**EXERCISE AIM**:
In the records below, find the line with "Wanted: one 3D", then copy each line exactly until you have copied the line with "So, what 3D". Leave any picture out.

**TASK DATA**:
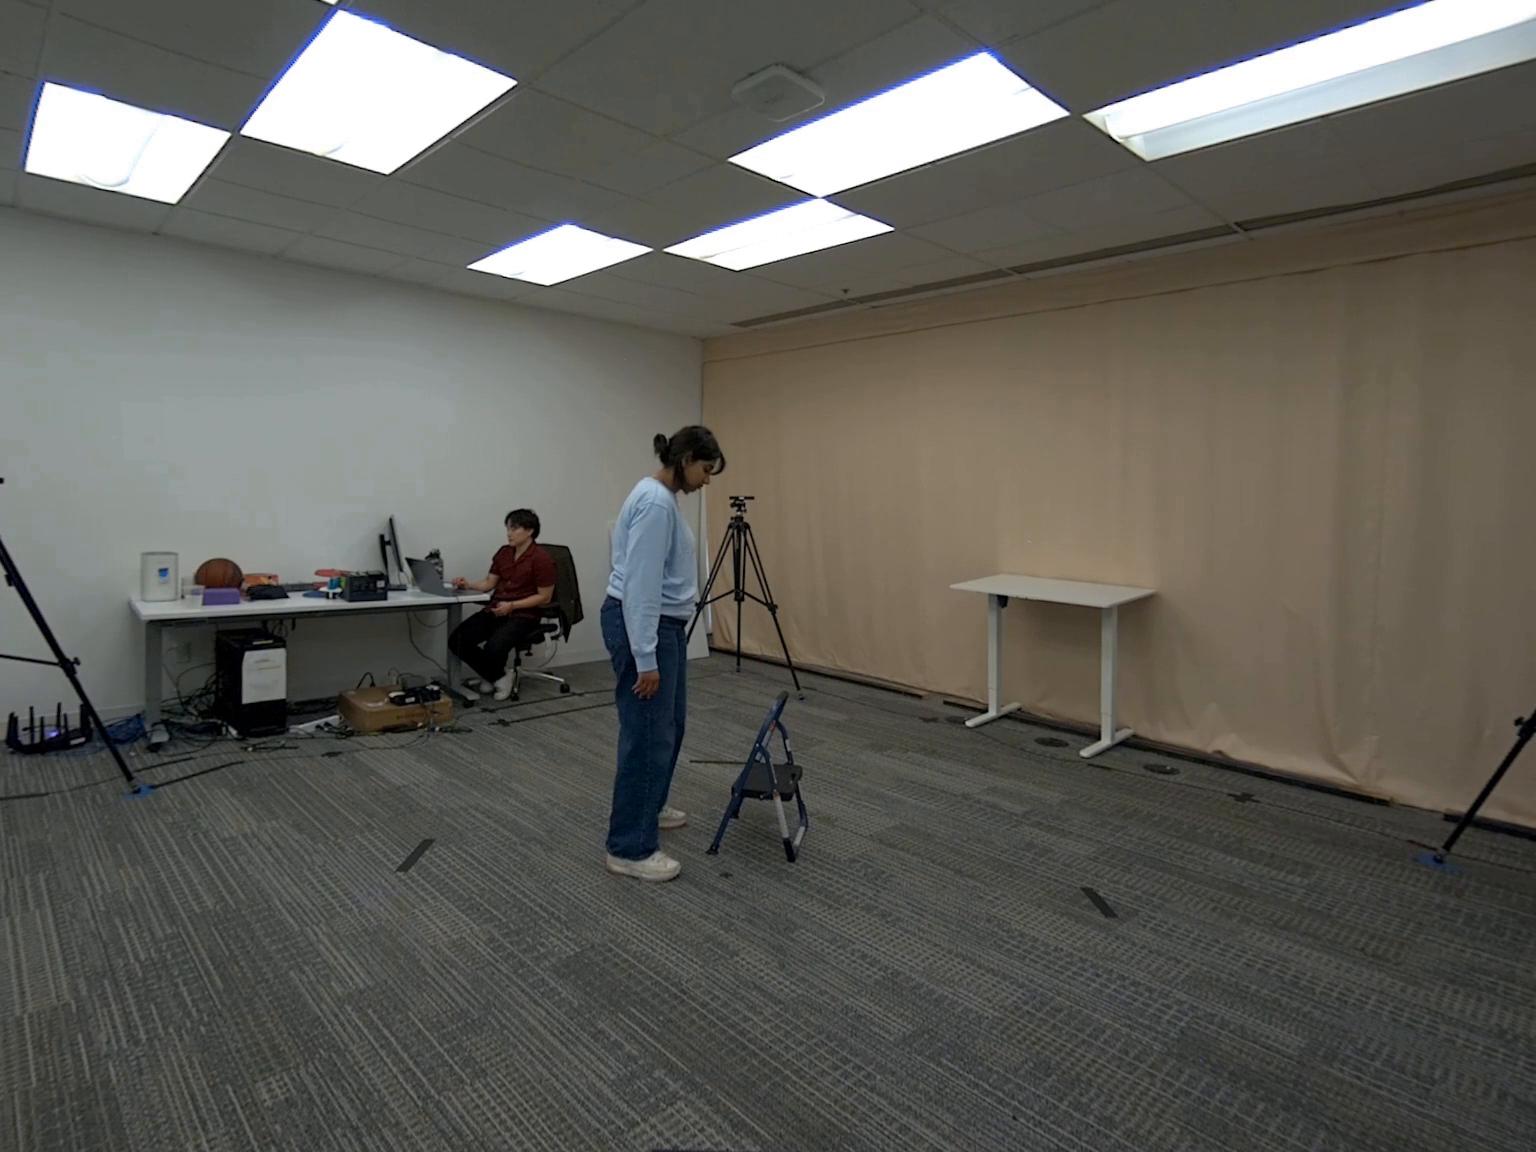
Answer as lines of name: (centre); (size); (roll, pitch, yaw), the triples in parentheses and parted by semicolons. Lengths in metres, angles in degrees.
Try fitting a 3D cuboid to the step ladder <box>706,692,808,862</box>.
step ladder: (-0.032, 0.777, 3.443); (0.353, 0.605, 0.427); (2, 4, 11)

* * *

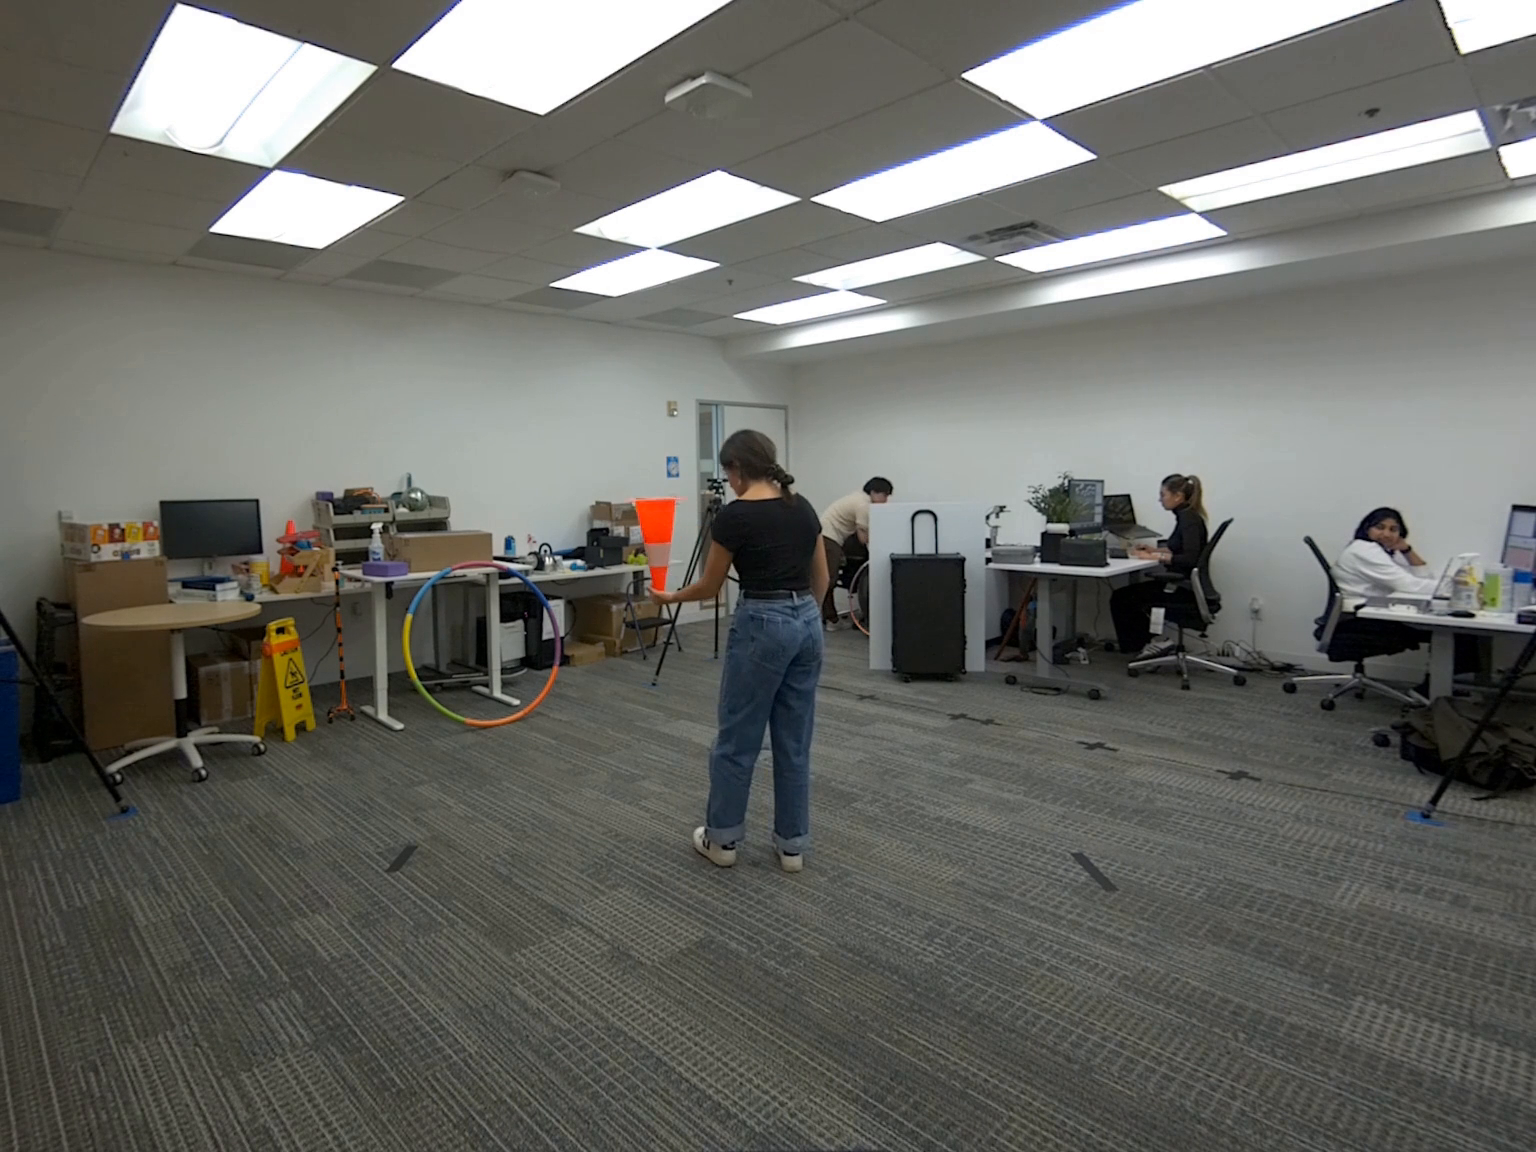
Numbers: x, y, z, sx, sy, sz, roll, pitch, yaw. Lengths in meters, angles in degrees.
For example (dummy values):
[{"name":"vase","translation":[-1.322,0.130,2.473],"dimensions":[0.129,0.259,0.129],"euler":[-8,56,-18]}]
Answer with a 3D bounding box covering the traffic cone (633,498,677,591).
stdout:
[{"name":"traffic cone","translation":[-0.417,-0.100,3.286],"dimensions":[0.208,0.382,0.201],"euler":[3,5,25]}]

==

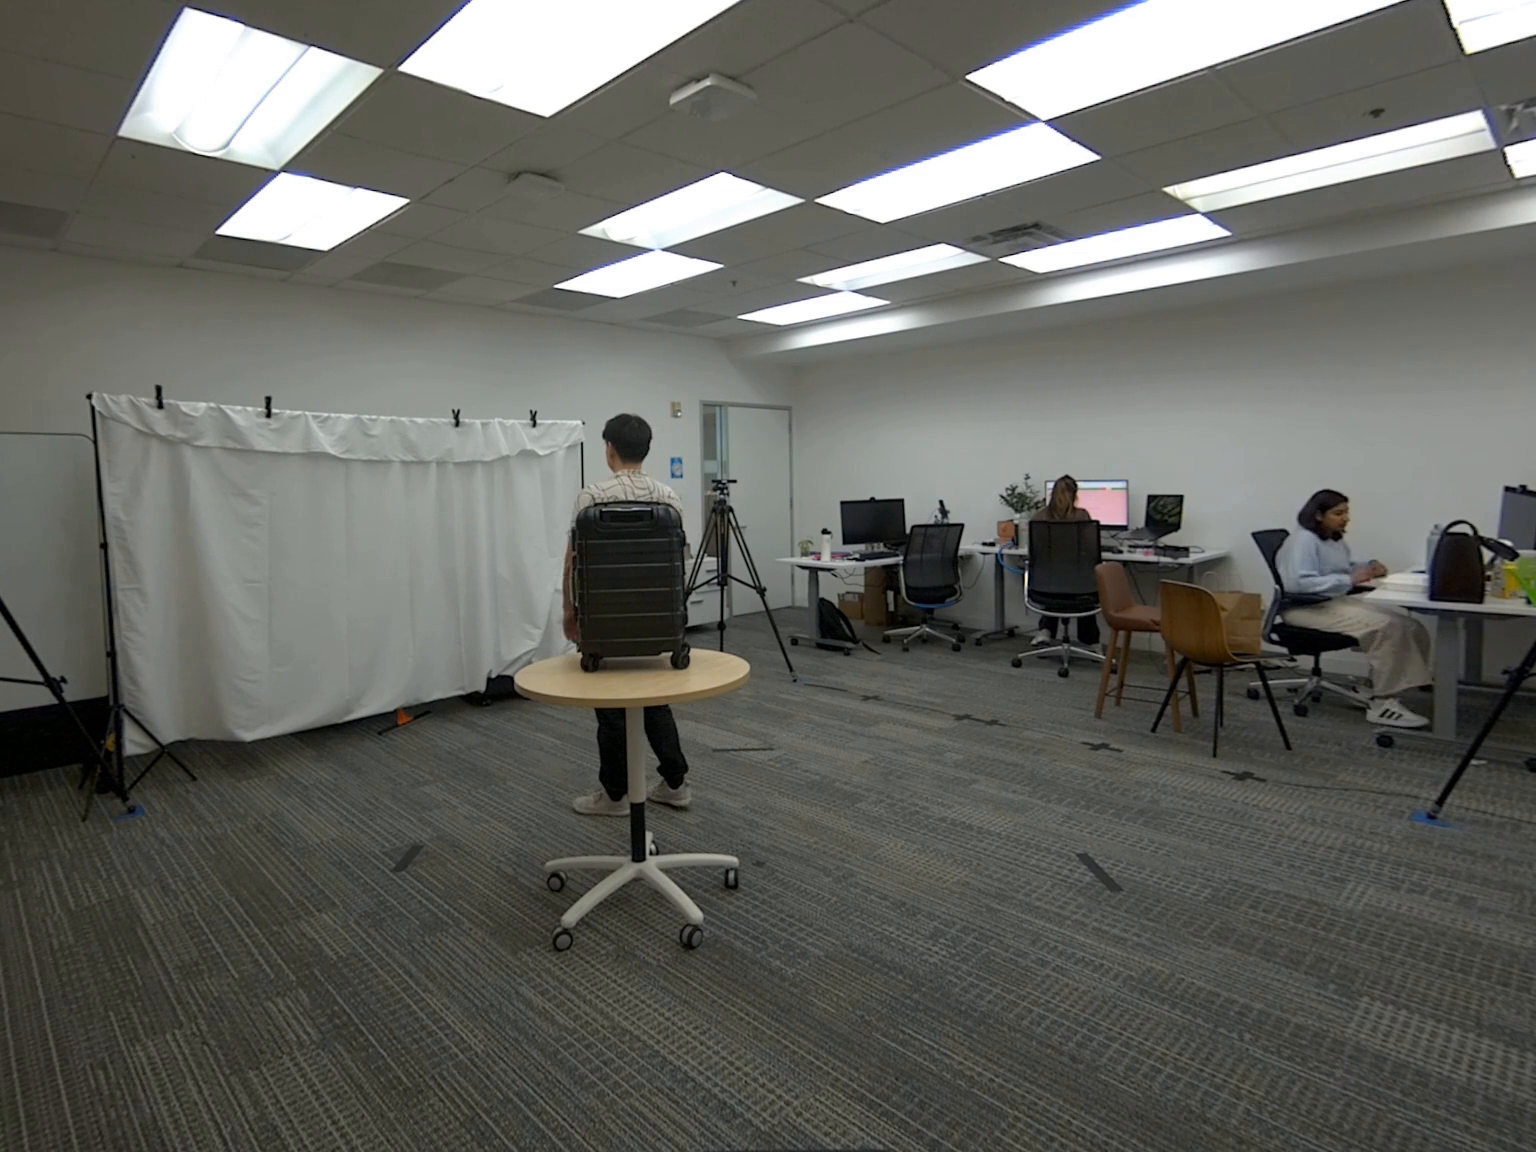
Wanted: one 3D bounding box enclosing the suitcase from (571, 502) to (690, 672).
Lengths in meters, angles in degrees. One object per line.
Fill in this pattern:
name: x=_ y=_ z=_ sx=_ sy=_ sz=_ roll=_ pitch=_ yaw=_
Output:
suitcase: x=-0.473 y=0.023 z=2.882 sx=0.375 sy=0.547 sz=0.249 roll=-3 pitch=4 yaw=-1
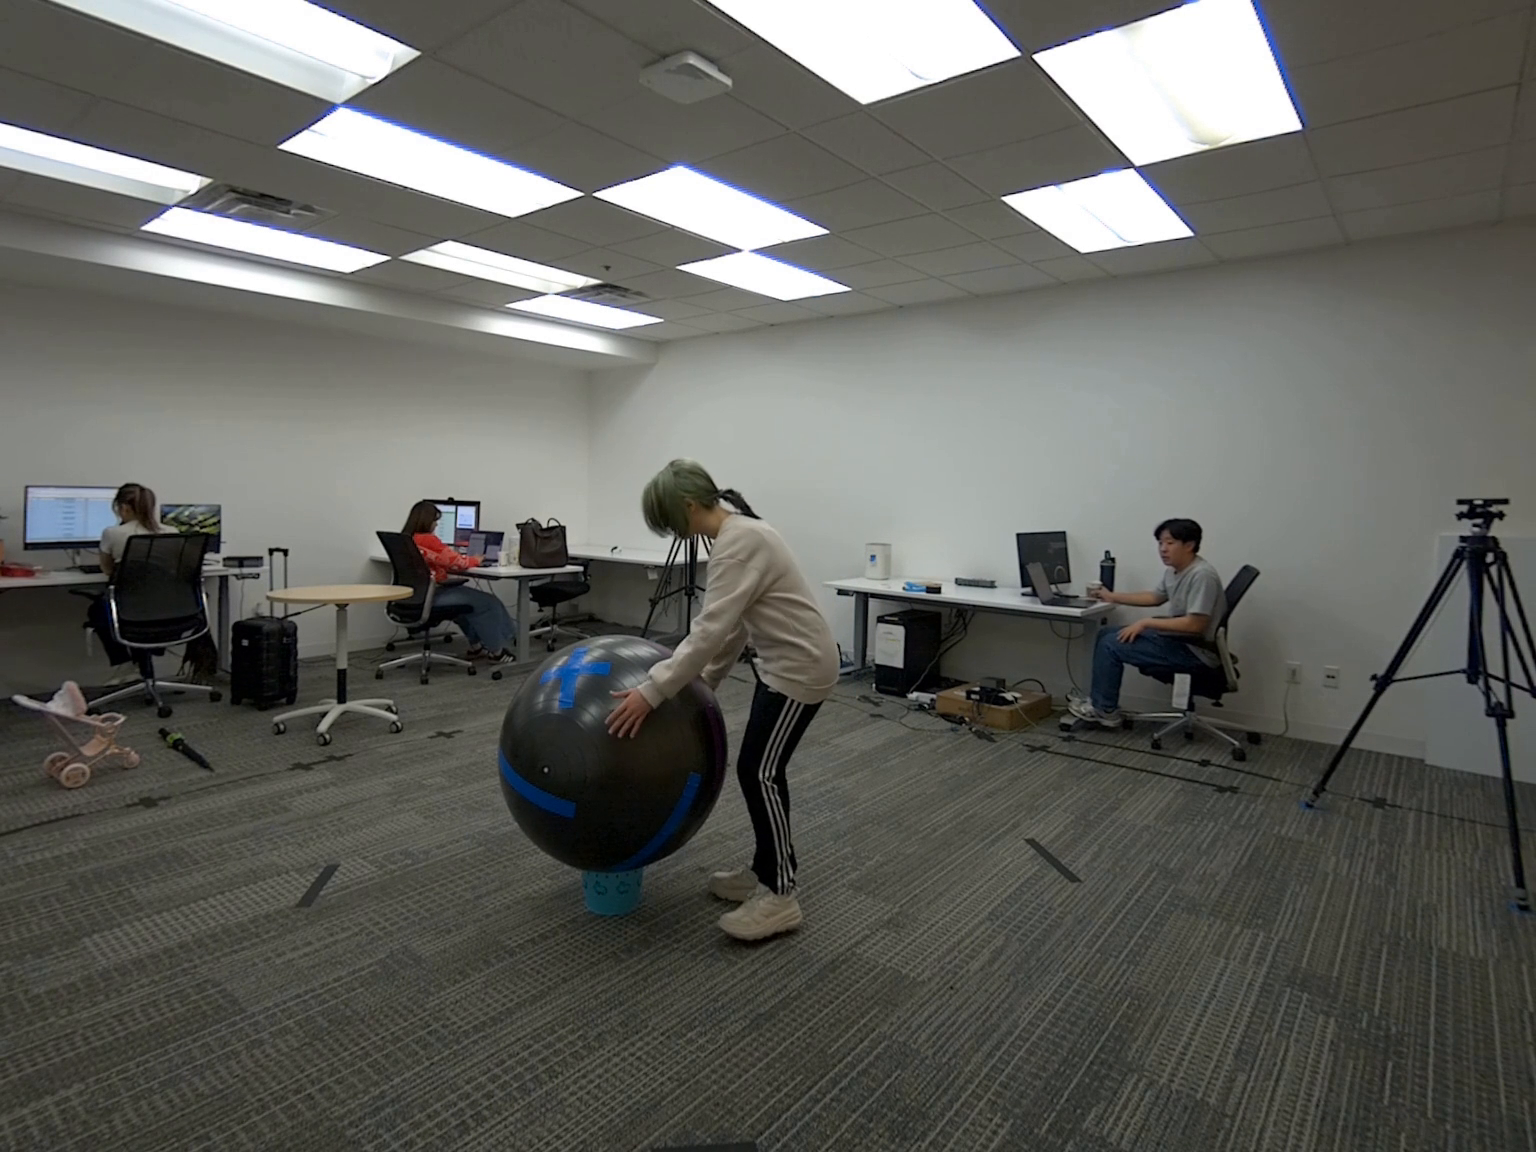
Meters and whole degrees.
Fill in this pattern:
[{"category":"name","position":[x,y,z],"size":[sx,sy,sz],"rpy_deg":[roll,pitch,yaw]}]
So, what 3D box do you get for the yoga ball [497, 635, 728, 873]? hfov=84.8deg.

**ANSWER TO THIS PROBLEM**:
Wanted: one 3D bounding box enclosing the suitcase from (571, 502) to (690, 672).
Lengths in meters, angles in degrees. One object per line.
Fill in this pattern:
name: x=_ y=_ z=_ sx=_ sy=_ sz=_ roll=_ pitch=_ yaw=_
Output:
suitcase: x=-0.473 y=0.023 z=2.882 sx=0.375 sy=0.547 sz=0.249 roll=-3 pitch=4 yaw=-1
Meters and whole degrees.
Fill in this pattern:
[{"category":"name","position":[x,y,z],"size":[sx,sy,sz],"rpy_deg":[roll,pitch,yaw]}]
So, what 3D box do you get for the yoga ball [497, 635, 728, 873]? hfov=84.8deg.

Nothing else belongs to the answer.